▶ **Task brief**:
Print every entry exactly as it appears, but skip the pictures.

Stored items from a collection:
_____

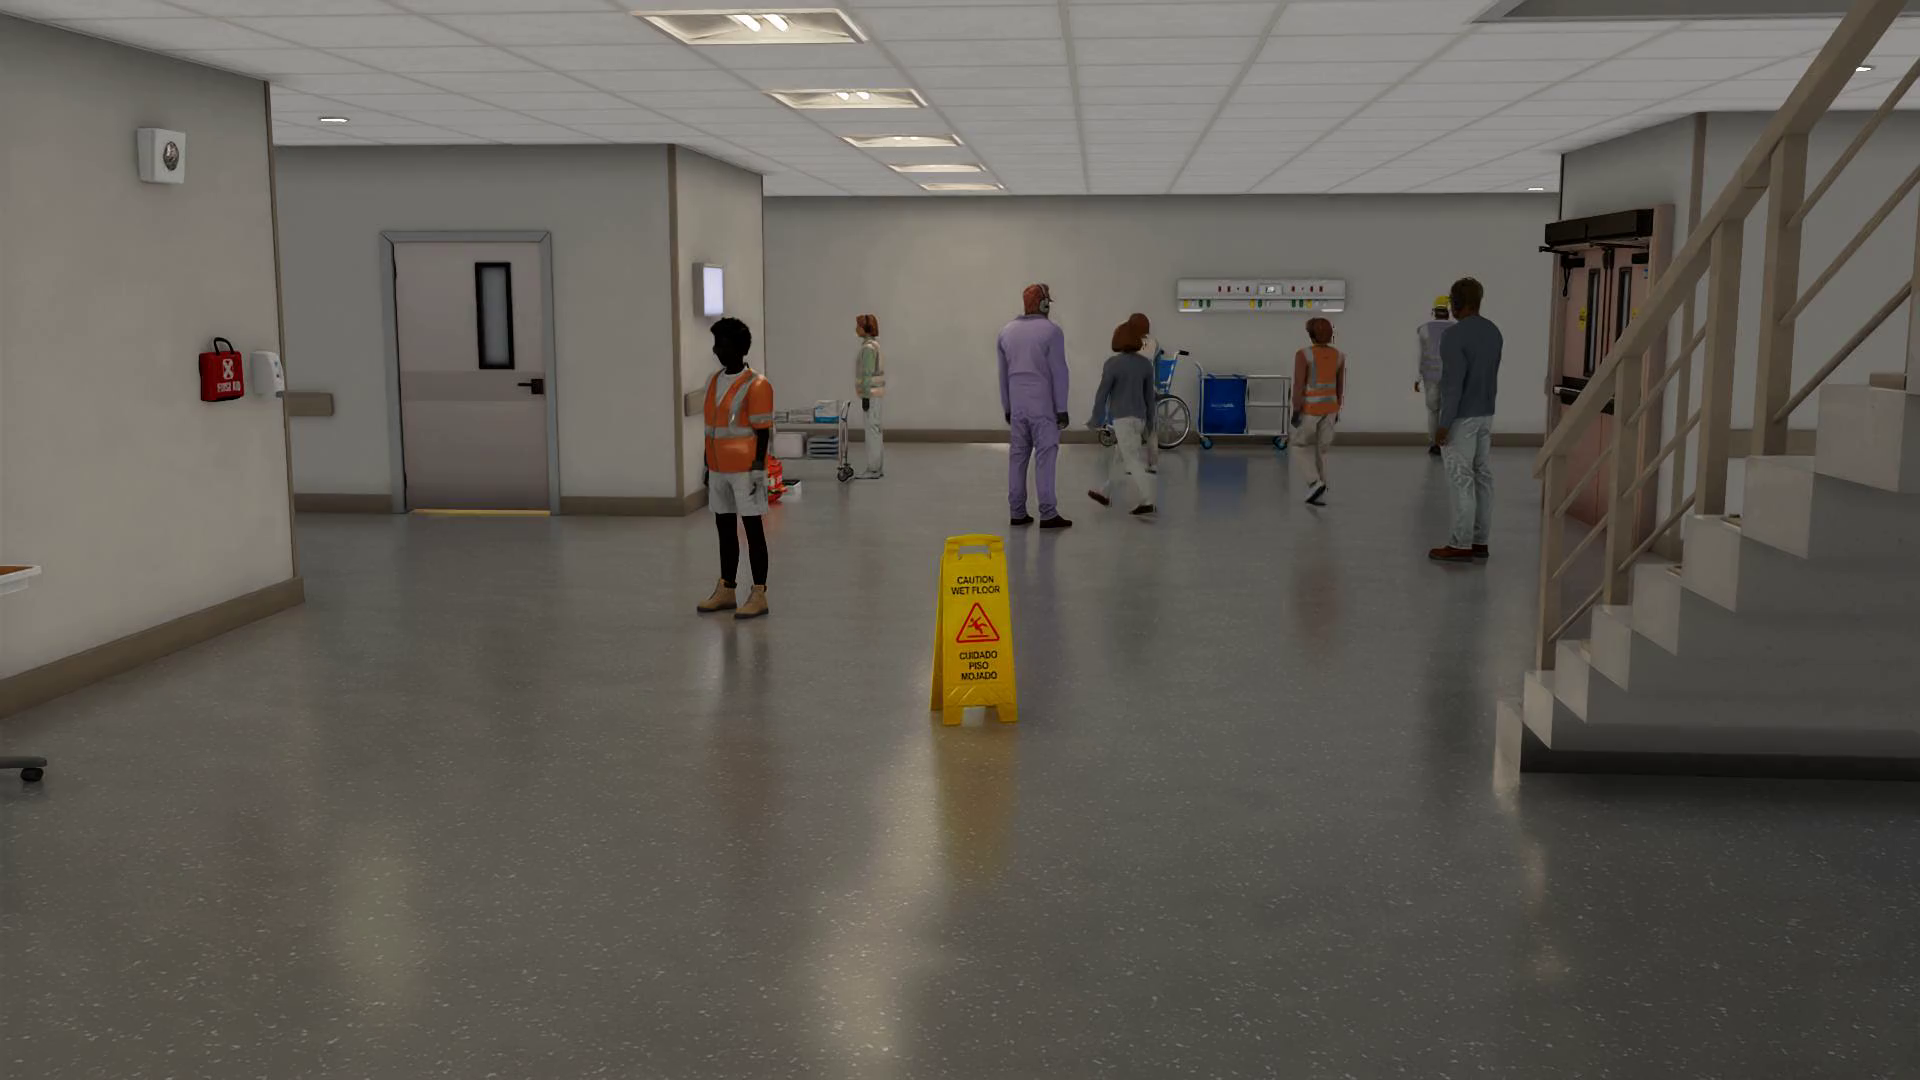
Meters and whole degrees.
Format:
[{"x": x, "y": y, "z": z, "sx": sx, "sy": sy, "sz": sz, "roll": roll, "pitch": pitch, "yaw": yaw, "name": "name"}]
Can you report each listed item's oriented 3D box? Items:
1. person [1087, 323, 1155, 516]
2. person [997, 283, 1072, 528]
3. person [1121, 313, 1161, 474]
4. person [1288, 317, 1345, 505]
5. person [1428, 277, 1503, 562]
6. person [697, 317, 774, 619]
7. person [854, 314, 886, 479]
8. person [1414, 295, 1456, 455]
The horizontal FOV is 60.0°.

_____

▶ **Task output**:
Meters and whole degrees.
Format:
[{"x": x, "y": y, "z": z, "sx": sx, "sy": sy, "sz": sz, "roll": roll, "pitch": pitch, "yaw": yaw, "name": "name"}]
Can you report each listed item's oriented 3D box? Items:
1. person [1087, 323, 1155, 516]
2. person [997, 283, 1072, 528]
3. person [1121, 313, 1161, 474]
4. person [1288, 317, 1345, 505]
5. person [1428, 277, 1503, 562]
6. person [697, 317, 774, 619]
7. person [854, 314, 886, 479]
8. person [1414, 295, 1456, 455]
The horizontal FOV is 60.0°.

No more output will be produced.